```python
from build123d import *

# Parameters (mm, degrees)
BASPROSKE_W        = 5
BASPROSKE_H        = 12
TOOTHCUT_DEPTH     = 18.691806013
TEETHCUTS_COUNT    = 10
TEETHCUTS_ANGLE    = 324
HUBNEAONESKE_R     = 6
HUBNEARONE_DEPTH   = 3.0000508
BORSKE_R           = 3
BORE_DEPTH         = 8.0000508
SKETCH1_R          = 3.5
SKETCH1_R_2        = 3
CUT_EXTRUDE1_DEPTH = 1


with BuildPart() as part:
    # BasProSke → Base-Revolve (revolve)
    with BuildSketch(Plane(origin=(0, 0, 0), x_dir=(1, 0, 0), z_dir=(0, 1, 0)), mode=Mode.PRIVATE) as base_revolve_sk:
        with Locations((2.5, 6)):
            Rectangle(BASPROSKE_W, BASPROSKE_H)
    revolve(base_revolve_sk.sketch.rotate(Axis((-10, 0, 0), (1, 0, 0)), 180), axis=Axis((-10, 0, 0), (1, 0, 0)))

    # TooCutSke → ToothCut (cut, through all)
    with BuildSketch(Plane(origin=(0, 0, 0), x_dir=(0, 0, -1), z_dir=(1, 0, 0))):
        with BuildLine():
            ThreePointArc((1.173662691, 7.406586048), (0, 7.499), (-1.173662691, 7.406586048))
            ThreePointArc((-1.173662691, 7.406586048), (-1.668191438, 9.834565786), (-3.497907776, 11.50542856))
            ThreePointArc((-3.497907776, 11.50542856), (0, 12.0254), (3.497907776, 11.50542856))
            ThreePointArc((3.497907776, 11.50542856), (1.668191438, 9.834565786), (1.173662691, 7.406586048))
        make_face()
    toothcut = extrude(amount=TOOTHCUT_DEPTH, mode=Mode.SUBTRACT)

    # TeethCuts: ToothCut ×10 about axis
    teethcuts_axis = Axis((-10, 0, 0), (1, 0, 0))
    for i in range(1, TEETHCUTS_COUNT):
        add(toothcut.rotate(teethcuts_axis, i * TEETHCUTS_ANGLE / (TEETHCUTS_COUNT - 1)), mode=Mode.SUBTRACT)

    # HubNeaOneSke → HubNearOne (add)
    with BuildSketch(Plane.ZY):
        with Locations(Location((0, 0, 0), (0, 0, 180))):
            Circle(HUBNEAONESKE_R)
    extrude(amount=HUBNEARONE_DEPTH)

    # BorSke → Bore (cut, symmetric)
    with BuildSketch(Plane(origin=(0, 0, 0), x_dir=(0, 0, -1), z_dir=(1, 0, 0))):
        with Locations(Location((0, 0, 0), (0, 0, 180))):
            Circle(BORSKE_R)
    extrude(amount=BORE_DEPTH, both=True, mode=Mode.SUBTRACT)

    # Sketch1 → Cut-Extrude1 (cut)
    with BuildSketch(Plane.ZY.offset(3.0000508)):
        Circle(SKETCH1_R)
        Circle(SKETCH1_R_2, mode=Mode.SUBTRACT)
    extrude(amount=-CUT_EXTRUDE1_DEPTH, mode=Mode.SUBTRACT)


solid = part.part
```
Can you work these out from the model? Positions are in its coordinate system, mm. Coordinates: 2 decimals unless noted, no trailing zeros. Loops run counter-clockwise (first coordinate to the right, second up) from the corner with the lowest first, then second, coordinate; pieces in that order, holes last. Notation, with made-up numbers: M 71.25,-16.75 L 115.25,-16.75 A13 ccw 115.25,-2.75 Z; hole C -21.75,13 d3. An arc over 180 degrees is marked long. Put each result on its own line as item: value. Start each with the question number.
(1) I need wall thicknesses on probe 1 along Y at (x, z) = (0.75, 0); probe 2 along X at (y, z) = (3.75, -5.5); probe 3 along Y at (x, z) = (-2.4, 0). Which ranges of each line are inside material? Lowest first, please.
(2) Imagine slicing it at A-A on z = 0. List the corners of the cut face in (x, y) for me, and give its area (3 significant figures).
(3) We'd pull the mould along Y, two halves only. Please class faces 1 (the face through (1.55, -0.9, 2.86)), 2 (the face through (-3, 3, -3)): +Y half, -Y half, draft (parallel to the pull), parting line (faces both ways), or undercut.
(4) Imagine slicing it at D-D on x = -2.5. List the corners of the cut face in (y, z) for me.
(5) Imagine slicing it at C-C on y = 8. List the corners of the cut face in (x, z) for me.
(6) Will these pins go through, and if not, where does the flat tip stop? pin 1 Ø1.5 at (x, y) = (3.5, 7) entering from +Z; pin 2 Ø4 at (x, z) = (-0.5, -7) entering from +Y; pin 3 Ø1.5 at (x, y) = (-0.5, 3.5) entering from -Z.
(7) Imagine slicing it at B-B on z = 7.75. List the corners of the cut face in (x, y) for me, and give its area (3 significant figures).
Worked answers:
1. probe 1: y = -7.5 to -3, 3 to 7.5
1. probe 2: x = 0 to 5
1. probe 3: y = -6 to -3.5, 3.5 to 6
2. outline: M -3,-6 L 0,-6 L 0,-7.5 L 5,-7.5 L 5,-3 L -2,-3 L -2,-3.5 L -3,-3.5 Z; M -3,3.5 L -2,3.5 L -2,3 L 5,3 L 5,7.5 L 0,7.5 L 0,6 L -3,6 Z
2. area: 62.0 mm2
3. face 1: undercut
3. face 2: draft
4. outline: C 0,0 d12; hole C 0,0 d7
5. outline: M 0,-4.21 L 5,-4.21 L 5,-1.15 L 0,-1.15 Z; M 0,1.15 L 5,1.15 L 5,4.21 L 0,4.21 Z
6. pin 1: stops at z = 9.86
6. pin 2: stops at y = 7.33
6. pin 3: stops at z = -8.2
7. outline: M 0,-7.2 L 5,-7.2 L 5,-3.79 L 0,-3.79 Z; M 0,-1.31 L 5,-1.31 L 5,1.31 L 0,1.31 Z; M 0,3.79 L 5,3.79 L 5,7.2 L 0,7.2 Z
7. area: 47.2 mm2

■ ■ ■

*Assigned task*
How many lines of these entries contain the string "slicing"? Reply with the number alone.

*Response below*
4